I’ve asked a lot of questions about it, and most people seem pretty comfortable with” the hybrid model, he said.

He also acknowledged that he personally doesn’t plan to move to Indianapolis full-time. Instead, he will rent an apartment and split his time between his home in Massachusetts, Indianapolis and various work-travel obligations—such as Washington D.C., where the NCAA is busy lobbying Congress for legislation that would regulate amateur athletics.

The configuration will allow Baker to visit the national office routinely, while also venturing out to the thousands of schools that make up the NCAA for campus visits and outreach efforts, the organization has said. It also comes at a time when Baker is trying to reshape the NCAA into an entity more focused on serving the needs of its member organizations.

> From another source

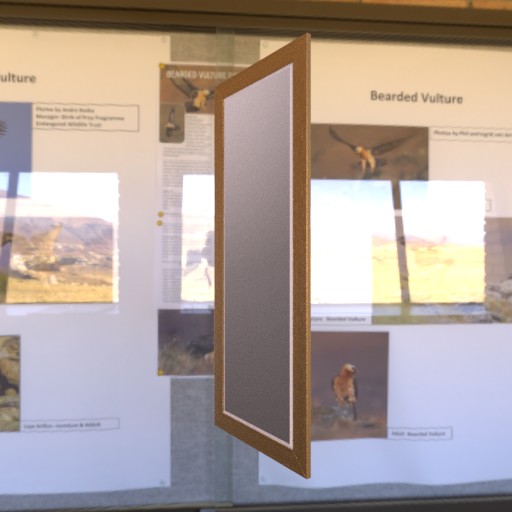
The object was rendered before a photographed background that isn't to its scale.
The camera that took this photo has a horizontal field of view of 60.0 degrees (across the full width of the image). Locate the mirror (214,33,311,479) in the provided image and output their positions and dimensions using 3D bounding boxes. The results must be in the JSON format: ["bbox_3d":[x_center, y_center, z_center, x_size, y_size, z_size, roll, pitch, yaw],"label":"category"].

“The way I think about it is, there are a whole bunch of fairly significant issues in college sports these days, and my view is the NCAA needs to be a positive force for securing what I would describe as the right future for all of college athletics,”  he said. “What we have to do is figure out how to make sure that the greatness of college sports—which is the opportunity it creates for young people to find themselves .. and the foundation on which they build their life—is sustained going forward.”

As for Holcomb’s efforts to keep Indiana in conversations for more events in the future, Baker said the 2021 tournament earned the state a lot of goodwill, and he’s optimistic for what the future holds.

“The community has been an incredible partner … I think people really stepped up to create a basketball tournament at a point in time when most people really weren’t sure if they can pull that off. That was a big story for Indiana and Indianapolis.”